This is Part 3 of our Java 21 Interview Preparation series. We’ll explore modern collection factory methods (Java 9+) and Stream API fundamentals, comparing them with Scala 3 and Kotlin approaches.
The Problem: Processing Transactions
A common programming task involves processing collections of data: filtering by criteria, grouping by category, and calculating statistics. Let’s see how this task is handled in modern Java 21, comparing with idiomatic Scala 3 and Kotlin solutions.
Problem Statement: Process a list of transactions: filter by amount, group by category, and calculate statistics.

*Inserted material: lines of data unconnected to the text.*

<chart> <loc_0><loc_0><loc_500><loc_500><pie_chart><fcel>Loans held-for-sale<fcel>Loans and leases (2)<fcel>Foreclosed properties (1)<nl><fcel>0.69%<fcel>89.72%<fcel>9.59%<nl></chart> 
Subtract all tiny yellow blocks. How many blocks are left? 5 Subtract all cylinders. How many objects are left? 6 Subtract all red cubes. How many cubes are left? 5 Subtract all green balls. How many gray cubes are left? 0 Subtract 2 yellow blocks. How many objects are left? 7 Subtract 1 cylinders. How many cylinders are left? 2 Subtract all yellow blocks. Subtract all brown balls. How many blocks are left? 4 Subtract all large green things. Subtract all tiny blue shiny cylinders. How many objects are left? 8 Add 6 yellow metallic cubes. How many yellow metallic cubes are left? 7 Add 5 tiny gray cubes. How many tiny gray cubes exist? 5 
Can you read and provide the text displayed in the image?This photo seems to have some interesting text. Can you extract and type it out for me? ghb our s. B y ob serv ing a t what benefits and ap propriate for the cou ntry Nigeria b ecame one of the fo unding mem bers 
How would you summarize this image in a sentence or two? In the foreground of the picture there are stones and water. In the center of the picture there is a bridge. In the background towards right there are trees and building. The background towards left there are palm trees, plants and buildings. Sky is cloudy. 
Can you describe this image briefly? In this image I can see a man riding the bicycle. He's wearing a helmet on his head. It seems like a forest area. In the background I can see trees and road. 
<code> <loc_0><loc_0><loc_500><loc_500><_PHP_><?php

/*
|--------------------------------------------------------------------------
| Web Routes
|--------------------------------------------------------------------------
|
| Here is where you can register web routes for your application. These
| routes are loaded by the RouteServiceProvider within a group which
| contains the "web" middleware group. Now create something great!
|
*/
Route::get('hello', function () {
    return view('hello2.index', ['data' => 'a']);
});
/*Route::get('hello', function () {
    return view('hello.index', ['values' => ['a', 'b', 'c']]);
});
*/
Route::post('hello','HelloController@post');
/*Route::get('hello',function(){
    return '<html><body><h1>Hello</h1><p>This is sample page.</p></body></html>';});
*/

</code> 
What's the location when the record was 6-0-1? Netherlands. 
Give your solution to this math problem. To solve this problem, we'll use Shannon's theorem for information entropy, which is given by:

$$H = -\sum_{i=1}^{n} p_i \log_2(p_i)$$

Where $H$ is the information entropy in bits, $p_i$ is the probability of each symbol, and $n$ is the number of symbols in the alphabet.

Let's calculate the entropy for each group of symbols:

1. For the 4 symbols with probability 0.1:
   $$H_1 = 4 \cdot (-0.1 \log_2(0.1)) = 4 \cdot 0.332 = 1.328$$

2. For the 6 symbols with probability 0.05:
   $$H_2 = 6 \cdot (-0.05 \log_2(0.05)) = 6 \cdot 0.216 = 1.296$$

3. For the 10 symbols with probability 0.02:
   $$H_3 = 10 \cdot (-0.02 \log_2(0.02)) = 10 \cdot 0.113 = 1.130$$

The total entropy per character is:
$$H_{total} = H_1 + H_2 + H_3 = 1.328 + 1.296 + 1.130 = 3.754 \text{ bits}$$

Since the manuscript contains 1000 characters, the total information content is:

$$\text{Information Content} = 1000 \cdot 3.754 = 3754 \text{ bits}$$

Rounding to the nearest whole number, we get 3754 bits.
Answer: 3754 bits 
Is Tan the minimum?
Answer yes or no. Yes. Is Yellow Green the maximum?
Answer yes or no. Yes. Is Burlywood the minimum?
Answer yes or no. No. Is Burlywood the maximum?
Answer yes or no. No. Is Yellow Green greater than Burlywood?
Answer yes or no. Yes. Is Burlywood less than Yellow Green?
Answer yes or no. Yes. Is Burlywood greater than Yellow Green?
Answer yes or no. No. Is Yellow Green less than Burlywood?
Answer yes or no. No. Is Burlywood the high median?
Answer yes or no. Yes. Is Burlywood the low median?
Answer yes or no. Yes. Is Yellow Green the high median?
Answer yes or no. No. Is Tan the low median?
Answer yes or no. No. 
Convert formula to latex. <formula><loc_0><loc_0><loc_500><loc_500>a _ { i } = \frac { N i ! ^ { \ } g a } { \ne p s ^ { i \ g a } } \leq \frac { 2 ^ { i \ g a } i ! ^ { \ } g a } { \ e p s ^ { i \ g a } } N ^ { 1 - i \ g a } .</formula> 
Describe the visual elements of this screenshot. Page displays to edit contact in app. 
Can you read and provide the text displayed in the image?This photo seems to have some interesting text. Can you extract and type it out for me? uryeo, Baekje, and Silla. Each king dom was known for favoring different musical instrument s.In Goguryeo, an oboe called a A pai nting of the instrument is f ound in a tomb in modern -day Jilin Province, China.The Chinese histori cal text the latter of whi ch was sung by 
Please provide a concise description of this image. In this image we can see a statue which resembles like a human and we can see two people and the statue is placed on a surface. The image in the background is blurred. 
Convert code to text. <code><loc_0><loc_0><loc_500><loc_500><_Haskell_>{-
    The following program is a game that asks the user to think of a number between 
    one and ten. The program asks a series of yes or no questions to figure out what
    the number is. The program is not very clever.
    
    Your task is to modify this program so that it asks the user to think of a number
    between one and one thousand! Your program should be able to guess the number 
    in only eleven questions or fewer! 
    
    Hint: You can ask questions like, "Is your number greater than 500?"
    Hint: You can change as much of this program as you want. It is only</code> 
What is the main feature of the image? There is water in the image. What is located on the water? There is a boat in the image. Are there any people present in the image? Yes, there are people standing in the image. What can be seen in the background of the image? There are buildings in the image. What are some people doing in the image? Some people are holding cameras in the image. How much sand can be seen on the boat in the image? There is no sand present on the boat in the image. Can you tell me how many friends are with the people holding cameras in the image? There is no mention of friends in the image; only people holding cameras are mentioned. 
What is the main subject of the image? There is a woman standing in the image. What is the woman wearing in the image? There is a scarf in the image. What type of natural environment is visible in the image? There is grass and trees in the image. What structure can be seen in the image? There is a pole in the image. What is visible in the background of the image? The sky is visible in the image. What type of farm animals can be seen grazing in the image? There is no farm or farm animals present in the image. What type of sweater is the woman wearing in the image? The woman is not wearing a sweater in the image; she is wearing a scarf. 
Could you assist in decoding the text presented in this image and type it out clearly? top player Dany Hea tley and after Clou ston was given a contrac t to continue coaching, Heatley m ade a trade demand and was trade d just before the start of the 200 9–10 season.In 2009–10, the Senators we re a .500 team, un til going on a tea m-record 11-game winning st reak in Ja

Collection Factory Methods (Java 9+)
Before Java 9, creating immutable collections was verbose:
// Java 8 style - verbose and error-prone
List<String> list = Collections.unmodifiableList(Arrays.asList("a", "b", "c"));
Set<String> set = Collections.unmodifiableSet(new HashSet<>(Arrays.asList("a", "b", "c")));
Map<String, Integer> map = Collections.unmodifiableMap(new HashMap<>() );
Java 9+ introduced elegant factory methods:
List.of(), Set.of(), Map.of()
// Immutable list
List<String> list = List.of("a", "b", "c");
// Immutable set
Set<String> set = Set.of("a", "b", "c");
// Immutable map (up to 10 entries)
Map<String, Integer> map = Map.of(
"one", 1,
"two", 2,
"three", 3
);
// Immutable map (any number of entries)
Map<String, Integer> largeMap = Map.ofEntries(
Map.entry("one", 1),
Map.entry("two", 2),
// ... more entries
);
// Immutable by default
val list = List("a", "b", "c")
// Immutable set
val set = Set("a", "b", "c")
// Immutable map
val map = Map(
"one" -> 1,
"two" -> 2,
"three" -> 3
)
// Read-only list
val list = listOf("a", "b", "c")
// Read-only set
val set = setOf("a", "b", "c")
// Read-only map
val map = mapOf(
"one" to 1,
"two" to 2,
"three" to 3
)
Key Characteristics
| Feature | Java 9+ | Scala 3 | Kotlin |
|---|---|---|---|
| Default mutability | Immutable with factory methods | Immutable | Read-only (immutable view) |
| Null elements | Not allowed | Allowed | Allowed |
| Modification | UnsupportedOperationException | New collection created | UnsupportedOperationException |
| Duplicate keys (Map) | IllegalArgumentException | Last value wins | Last value wins |
Immutable vs Mutable Collections
Understanding the difference between immutable and mutable collections is crucial for writing thread-safe, predictable code.
// Mutable (traditional)
List<String> mutable = new ArrayList<>();
mutable.add("Apple");
mutable.add("Banana");
// Immutable (Java 9+)
List<String> immutable = List.of("Apple", "Banana");
// immutable.add("Cherry"); // UnsupportedOperationException!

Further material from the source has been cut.